PointsPlus® values per serving: 8
2 lemons, one cut into slices, the other one cut into wedges
2 Tbsp. chopped fresh parsley, stems reserved
2 Tbsp., chopped tarragon, stems reserved
1 large shallot, minced
½ cup der white wine
½ cup water
4-4 oz., salmon filet, skinless
2 tbs. capers, chopped
1 tbs. extra virgin olive oil
1 tbs. honey
Salt and pepper to taste
Arrange lemon slices in a single layer across bottom of a 12 inch skillet. Add herb stems and 2 tbs. of shallots. Add wine and water to the skillet. Place salmon filets in skillet, skinned side down, on top of lemon slices. Set pan over high heat and bring liquid to a simmer. Reduce heat to low, cover, and cook until sides are opaque but center is still translucent. (This is for a medium rare salmon. It will take about 10-15 minutes. )Transfer salmon with lemon slices to a platter.

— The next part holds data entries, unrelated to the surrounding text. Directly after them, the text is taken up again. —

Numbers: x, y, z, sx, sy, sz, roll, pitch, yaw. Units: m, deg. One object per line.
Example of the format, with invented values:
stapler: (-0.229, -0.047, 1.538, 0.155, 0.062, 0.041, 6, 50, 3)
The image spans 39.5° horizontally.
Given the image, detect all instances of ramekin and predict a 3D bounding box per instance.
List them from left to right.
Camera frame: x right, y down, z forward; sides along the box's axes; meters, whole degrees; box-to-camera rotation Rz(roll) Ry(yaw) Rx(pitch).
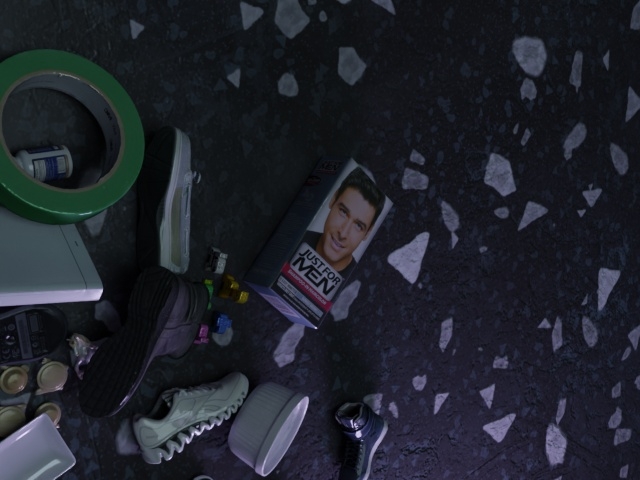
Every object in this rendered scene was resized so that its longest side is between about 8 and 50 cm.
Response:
ramekin: (-0.124, 0.423, 2.052, 0.207, 0.109, 0.207, -56, 164, -24)

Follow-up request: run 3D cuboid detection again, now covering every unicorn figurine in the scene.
unicorn figurine: (-0.466, 0.233, 1.832, 0.162, 0.060, 0.111, -21, 113, -55)

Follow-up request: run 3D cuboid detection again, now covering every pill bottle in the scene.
pill bottle: (-0.541, -0.143, 1.701, 0.120, 0.067, 0.067, -14, 105, -37)

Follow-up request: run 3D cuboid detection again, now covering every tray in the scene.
tray: (-0.624, 0.462, 1.738, 0.270, 0.030, 0.145, -36, 120, -25)

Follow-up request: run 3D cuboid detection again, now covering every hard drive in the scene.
hard drive: (-0.594, 0.023, 1.593, 0.353, 0.233, 0.047, -1, 133, -39)

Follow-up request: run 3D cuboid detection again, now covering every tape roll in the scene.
tape roll: (-0.490, -0.193, 1.661, 0.321, 0.077, 0.321, 11, 69, -32)

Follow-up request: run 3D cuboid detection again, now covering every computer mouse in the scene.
computer mouse: (-0.620, 0.173, 1.688, 0.272, 0.072, 0.188, -8, 109, -28)

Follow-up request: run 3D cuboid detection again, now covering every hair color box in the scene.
hair color box: (0.000, 0.000, 2.133, 0.185, 0.113, 0.374, 44, 69, -34)

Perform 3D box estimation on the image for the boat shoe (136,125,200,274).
boat shoe: (-0.313, -0.080, 1.872, 0.103, 0.118, 0.320, -4, 103, -45)

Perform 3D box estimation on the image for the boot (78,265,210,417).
boot: (-0.346, 0.226, 1.855, 0.338, 0.118, 0.223, -59, 158, -6)

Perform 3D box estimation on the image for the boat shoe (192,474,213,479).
boat shoe: (-0.292, 0.688, 2.015, 0.114, 0.091, 0.302, 21, 83, -39)

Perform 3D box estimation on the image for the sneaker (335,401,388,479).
sneaker: (0.078, 0.522, 2.284, 0.163, 0.086, 0.226, 52, 55, -44)

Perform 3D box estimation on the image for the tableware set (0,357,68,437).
tableware set: (-0.577, 0.314, 1.773, 0.141, 0.020, 0.169, 6, 94, -38)

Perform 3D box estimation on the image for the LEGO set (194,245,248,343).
LEGO set: (-0.218, 0.136, 1.989, 0.087, 0.093, 0.227, 17, 86, -40)

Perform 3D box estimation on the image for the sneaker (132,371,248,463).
sneaker: (-0.283, 0.367, 1.971, 0.292, 0.110, 0.118, -33, 107, -31)

Cook down liquid until slightly thickened and reduced to 2 Tbsp. Combine chopped herbs, remaining shallot, capers, oil, and honey in a medium bowl. Strain the reduced cooking liquid and add it to the bowl. Whisk to combine and season with salt and pepper.
Serve salmon individually with a spoon of vinaigrette on the top. Serve with lemon wedges.
Recipe by Chef Isabella.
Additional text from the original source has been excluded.